━━━━━ DATA SHOWN ━━━━━
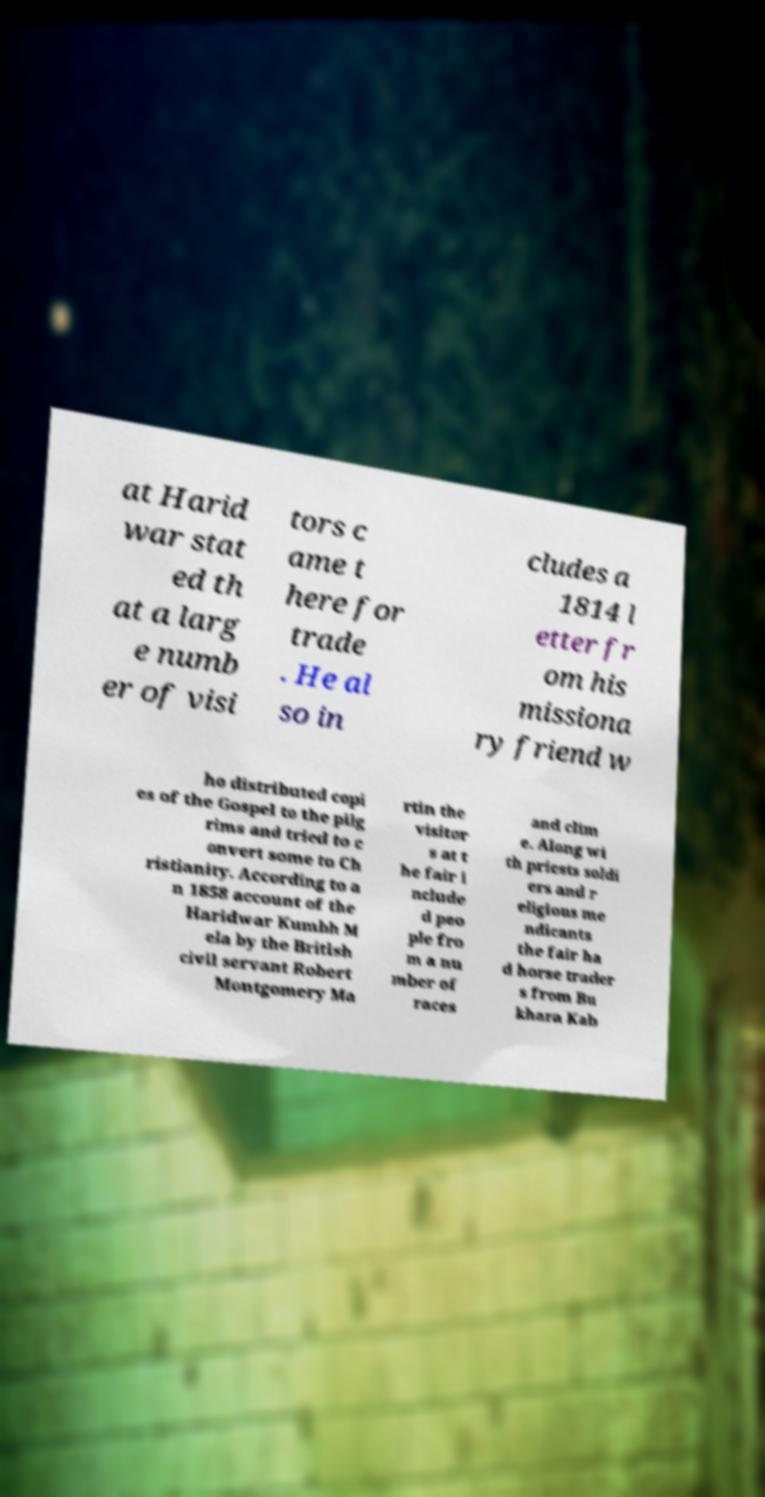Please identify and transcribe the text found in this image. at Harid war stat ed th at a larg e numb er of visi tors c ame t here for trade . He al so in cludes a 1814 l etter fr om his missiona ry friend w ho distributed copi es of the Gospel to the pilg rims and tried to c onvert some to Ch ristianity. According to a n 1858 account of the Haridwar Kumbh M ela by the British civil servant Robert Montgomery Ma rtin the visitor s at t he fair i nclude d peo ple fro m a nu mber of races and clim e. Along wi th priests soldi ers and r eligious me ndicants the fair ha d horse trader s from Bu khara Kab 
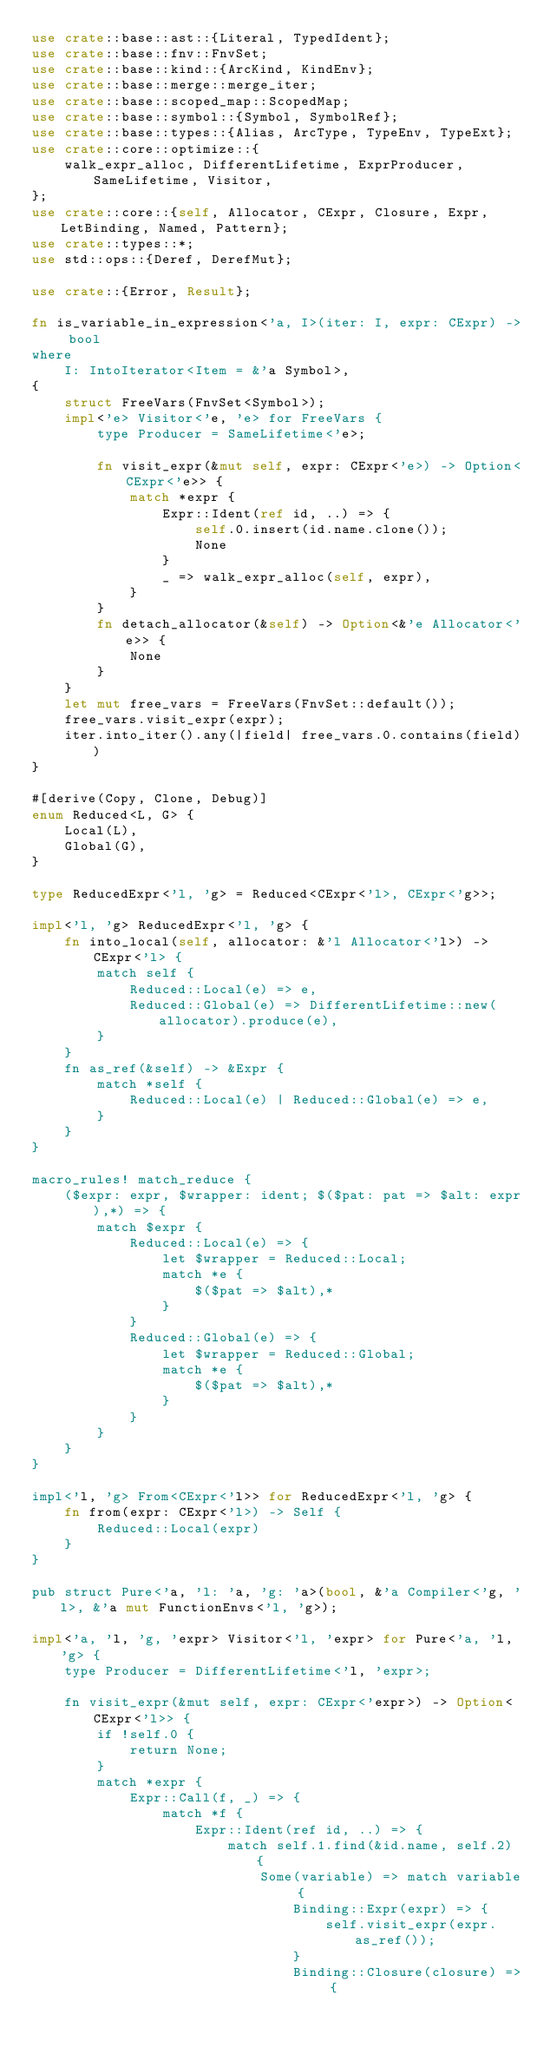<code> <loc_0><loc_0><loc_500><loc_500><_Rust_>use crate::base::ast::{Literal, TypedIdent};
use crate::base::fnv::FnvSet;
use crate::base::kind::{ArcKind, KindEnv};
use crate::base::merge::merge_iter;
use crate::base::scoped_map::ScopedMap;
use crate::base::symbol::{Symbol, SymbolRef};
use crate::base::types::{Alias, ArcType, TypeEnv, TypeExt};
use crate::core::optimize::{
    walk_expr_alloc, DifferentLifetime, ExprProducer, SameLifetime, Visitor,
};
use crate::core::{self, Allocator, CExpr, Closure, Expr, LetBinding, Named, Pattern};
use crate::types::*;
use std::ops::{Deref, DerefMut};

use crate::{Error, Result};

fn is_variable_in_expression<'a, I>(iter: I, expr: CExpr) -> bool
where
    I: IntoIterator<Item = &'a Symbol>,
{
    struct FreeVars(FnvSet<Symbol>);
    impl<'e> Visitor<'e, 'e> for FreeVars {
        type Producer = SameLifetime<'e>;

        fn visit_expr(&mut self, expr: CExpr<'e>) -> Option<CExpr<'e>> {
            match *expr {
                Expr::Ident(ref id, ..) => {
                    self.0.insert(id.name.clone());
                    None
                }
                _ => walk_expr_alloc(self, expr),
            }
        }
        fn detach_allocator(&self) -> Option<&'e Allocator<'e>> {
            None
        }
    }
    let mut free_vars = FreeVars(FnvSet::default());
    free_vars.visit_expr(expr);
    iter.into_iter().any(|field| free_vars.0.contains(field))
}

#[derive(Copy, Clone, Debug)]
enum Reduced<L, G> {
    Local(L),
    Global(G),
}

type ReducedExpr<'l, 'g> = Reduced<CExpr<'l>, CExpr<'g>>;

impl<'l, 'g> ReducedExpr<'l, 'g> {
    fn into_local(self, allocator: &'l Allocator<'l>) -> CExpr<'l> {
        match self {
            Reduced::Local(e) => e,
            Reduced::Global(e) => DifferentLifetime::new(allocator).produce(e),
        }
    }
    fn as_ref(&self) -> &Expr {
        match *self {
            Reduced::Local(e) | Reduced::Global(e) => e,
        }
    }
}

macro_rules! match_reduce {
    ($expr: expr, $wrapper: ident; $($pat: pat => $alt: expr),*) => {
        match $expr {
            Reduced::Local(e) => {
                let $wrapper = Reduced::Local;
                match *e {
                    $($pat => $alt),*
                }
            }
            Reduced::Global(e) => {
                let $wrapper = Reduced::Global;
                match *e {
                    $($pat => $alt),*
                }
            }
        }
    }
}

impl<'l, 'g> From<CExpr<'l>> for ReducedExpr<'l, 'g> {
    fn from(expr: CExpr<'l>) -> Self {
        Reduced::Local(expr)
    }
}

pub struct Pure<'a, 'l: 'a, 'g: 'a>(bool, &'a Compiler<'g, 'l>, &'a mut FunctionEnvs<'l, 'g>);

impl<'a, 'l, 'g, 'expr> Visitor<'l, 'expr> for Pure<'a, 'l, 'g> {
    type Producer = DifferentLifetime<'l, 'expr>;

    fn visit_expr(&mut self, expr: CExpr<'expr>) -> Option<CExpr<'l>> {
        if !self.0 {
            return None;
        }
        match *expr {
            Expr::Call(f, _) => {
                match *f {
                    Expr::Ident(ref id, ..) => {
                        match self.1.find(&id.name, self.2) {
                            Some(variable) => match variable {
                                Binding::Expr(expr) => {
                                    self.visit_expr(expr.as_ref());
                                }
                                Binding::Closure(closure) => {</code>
━━━━━
## WHAT IS BEING ASKED
The response should contain every record above exactly as written, and none of the pictures.

## SOLUTION BELOW
Please identify and transcribe the text found in this image. at Harid war stat ed th at a larg e numb er of visi tors c ame t here for trade . He al so in cludes a 1814 l etter fr om his missiona ry friend w ho distributed copi es of the Gospel to the pilg rims and tried to c onvert some to Ch ristianity. According to a n 1858 account of the Haridwar Kumbh M ela by the British civil servant Robert Montgomery Ma rtin the visitor s at t he fair i nclude d peo ple fro m a nu mber of races and clim e. Along wi th priests soldi ers and r eligious me ndicants the fair ha d horse trader s from Bu khara Kab 
<code> <loc_0><loc_0><loc_500><loc_500><_Rust_>use crate::base::ast::{Literal, TypedIdent};
use crate::base::fnv::FnvSet;
use crate::base::kind::{ArcKind, KindEnv};
use crate::base::merge::merge_iter;
use crate::base::scoped_map::ScopedMap;
use crate::base::symbol::{Symbol, SymbolRef};
use crate::base::types::{Alias, ArcType, TypeEnv, TypeExt};
use crate::core::optimize::{
    walk_expr_alloc, DifferentLifetime, ExprProducer, SameLifetime, Visitor,
};
use crate::core::{self, Allocator, CExpr, Closure, Expr, LetBinding, Named, Pattern};
use crate::types::*;
use std::ops::{Deref, DerefMut};

use crate::{Error, Result};

fn is_variable_in_expression<'a, I>(iter: I, expr: CExpr) -> bool
where
    I: IntoIterator<Item = &'a Symbol>,
{
    struct FreeVars(FnvSet<Symbol>);
    impl<'e> Visitor<'e, 'e> for FreeVars {
        type Producer = SameLifetime<'e>;

        fn visit_expr(&mut self, expr: CExpr<'e>) -> Option<CExpr<'e>> {
            match *expr {
                Expr::Ident(ref id, ..) => {
                    self.0.insert(id.name.clone());
                    None
                }
                _ => walk_expr_alloc(self, expr),
            }
        }
        fn detach_allocator(&self) -> Option<&'e Allocator<'e>> {
            None
        }
    }
    let mut free_vars = FreeVars(FnvSet::default());
    free_vars.visit_expr(expr);
    iter.into_iter().any(|field| free_vars.0.contains(field))
}

#[derive(Copy, Clone, Debug)]
enum Reduced<L, G> {
    Local(L),
    Global(G),
}

type ReducedExpr<'l, 'g> = Reduced<CExpr<'l>, CExpr<'g>>;

impl<'l, 'g> ReducedExpr<'l, 'g> {
    fn into_local(self, allocator: &'l Allocator<'l>) -> CExpr<'l> {
        match self {
            Reduced::Local(e) => e,
            Reduced::Global(e) => DifferentLifetime::new(allocator).produce(e),
        }
    }
    fn as_ref(&self) -> &Expr {
        match *self {
            Reduced::Local(e) | Reduced::Global(e) => e,
        }
    }
}

macro_rules! match_reduce {
    ($expr: expr, $wrapper: ident; $($pat: pat => $alt: expr),*) => {
        match $expr {
            Reduced::Local(e) => {
                let $wrapper = Reduced::Local;
                match *e {
                    $($pat => $alt),*
                }
            }
            Reduced::Global(e) => {
                let $wrapper = Reduced::Global;
                match *e {
                    $($pat => $alt),*
                }
            }
        }
    }
}

impl<'l, 'g> From<CExpr<'l>> for ReducedExpr<'l, 'g> {
    fn from(expr: CExpr<'l>) -> Self {
        Reduced::Local(expr)
    }
}

pub struct Pure<'a, 'l: 'a, 'g: 'a>(bool, &'a Compiler<'g, 'l>, &'a mut FunctionEnvs<'l, 'g>);

impl<'a, 'l, 'g, 'expr> Visitor<'l, 'expr> for Pure<'a, 'l, 'g> {
    type Producer = DifferentLifetime<'l, 'expr>;

    fn visit_expr(&mut self, expr: CExpr<'expr>) -> Option<CExpr<'l>> {
        if !self.0 {
            return None;
        }
        match *expr {
            Expr::Call(f, _) => {
                match *f {
                    Expr::Ident(ref id, ..) => {
                        match self.1.find(&id.name, self.2) {
                            Some(variable) => match variable {
                                Binding::Expr(expr) => {
                                    self.visit_expr(expr.as_ref());
                                }
                                Binding::Closure(closure) => {</code>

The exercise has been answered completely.